In a sign of how Medtronic %is making the most of shifting its headquarters to ireland from the U.S., the scientific-instrument firm mentioned it is paying $ 500 million in U.S. earnings tax on $ 9.8 billion of cash and investments that it has transferred to the U.S. from its in a foreign country subsidiaries.
That amounts to a 5% U.S. tax fee on the cash. For U.S.-primarily based companies, income earned out of the country are topic to the 35% U.S. corporate tax rate when repatriated to the U.S.
Medtronic MDT, -3.02% said it’s transferring the money after completing an “internal restructuring” in the wake of its acquisition of Dublin-based Covidien p.c.earlier this year. That acquisition allowed Medtronic to move its headquarters from Minneapolis to Dublin, a so-known as tax inversion move geared toward decreasing the corporate’s tax burden.
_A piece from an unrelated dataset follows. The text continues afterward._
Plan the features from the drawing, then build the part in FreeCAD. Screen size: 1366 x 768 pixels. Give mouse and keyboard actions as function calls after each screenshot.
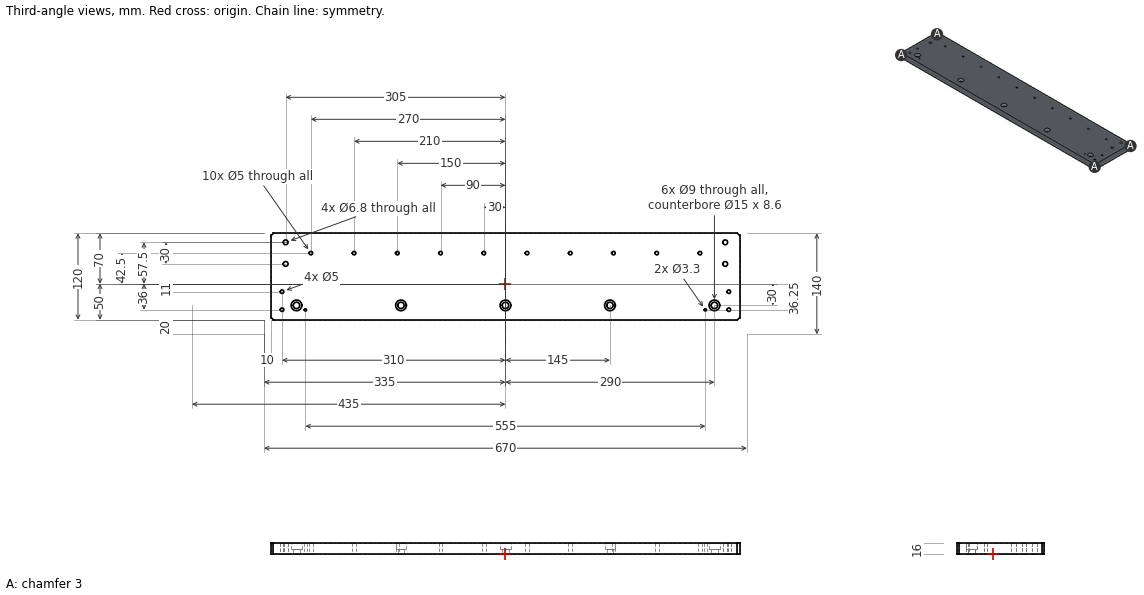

U.S. Treasury officials didn’t in an instant reply to a request for comment.
In a securities submitting after the U.S. market’s close, Medtronic mentioned it moved the $ 9.eight billion out of its in another country subsidiaries. Medtronic spokesman Fernando Vivanco stated the company moved the cash to the U.S.
This entry handed through the Full-textual content RSS provider – if that is your content and you’re studying it on anyone else’s web site, please learn the FAQ at fivefilters.org/content-handiest/faq.php#publishers.